The above privileges and immunities are enjoyed by the member of the consular post from the
moment he enters the territory of the receiving State on proceeding to take up his post or, if already
in its territory, from the moment when he enters on his duties. The same privileges and immunities
are enjoyed by members of the families of the members of the consular post.

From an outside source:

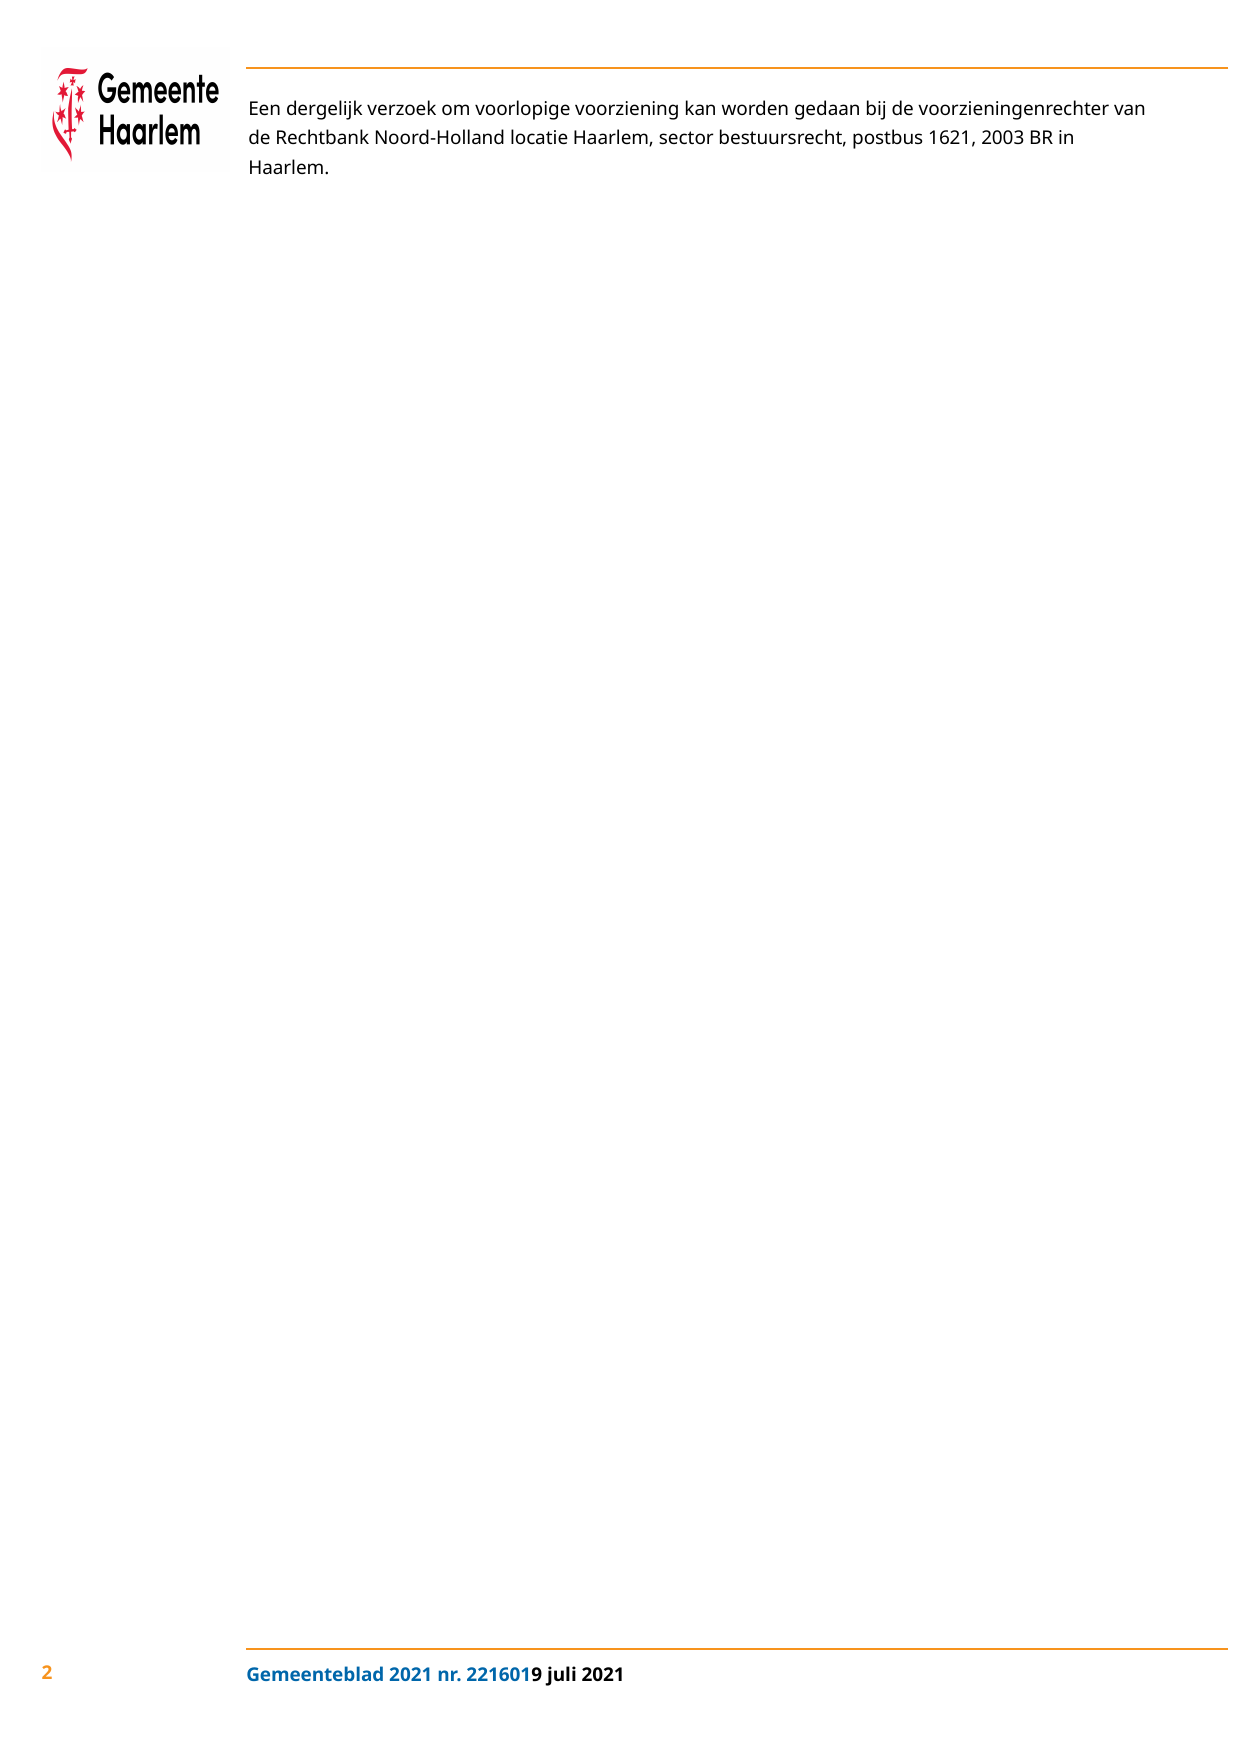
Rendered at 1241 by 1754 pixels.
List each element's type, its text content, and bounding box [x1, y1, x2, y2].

picture [41, 47, 231, 172]
text Een dergelijk verzoek om voorlopige voorziening kan worden gedaan bij de voorzieningenrechter van de Rechtbank Noord-Holland locatie Haarlem, sector bestuursrecht, postbus 1621, 2003 BR in Haarlem. [248, 95, 1152, 180]

The privileges and immunities of the consular post may be waived by the sending State. The
waiver must be express and be communicated to the receiving State in writing. However, the waiver
of immunity from jurisdiction for the purposes of civil or administrative proceedings does not imply
waiver of immunity from the execution of a judicial decisions; in such case, a separate waiver is
required. Immunity may also be waived by the member of the consular post himself, by submitting
voluntarily to the jurisdiction of the court of the receiving State.

E. Termination of a Consular Functions

The consular functions may be terminated by various ways and reasons. Among these ways and
reasons are the following:
(1) A recall of the member of the consular post by his appointing State upon its initiative, or at the
request of the receiving State.
(2) A notification by the appointing State to the receiving State that the functions of the post or
any of its members are terminated.
(3) The withdrawal of the exequatur by the receiving State.
(4) Resignation of the member of the consular post.
(5) Death of the member of the consular post.
(6) The breaking off relations between the sending and receiving States, such as in case of a war.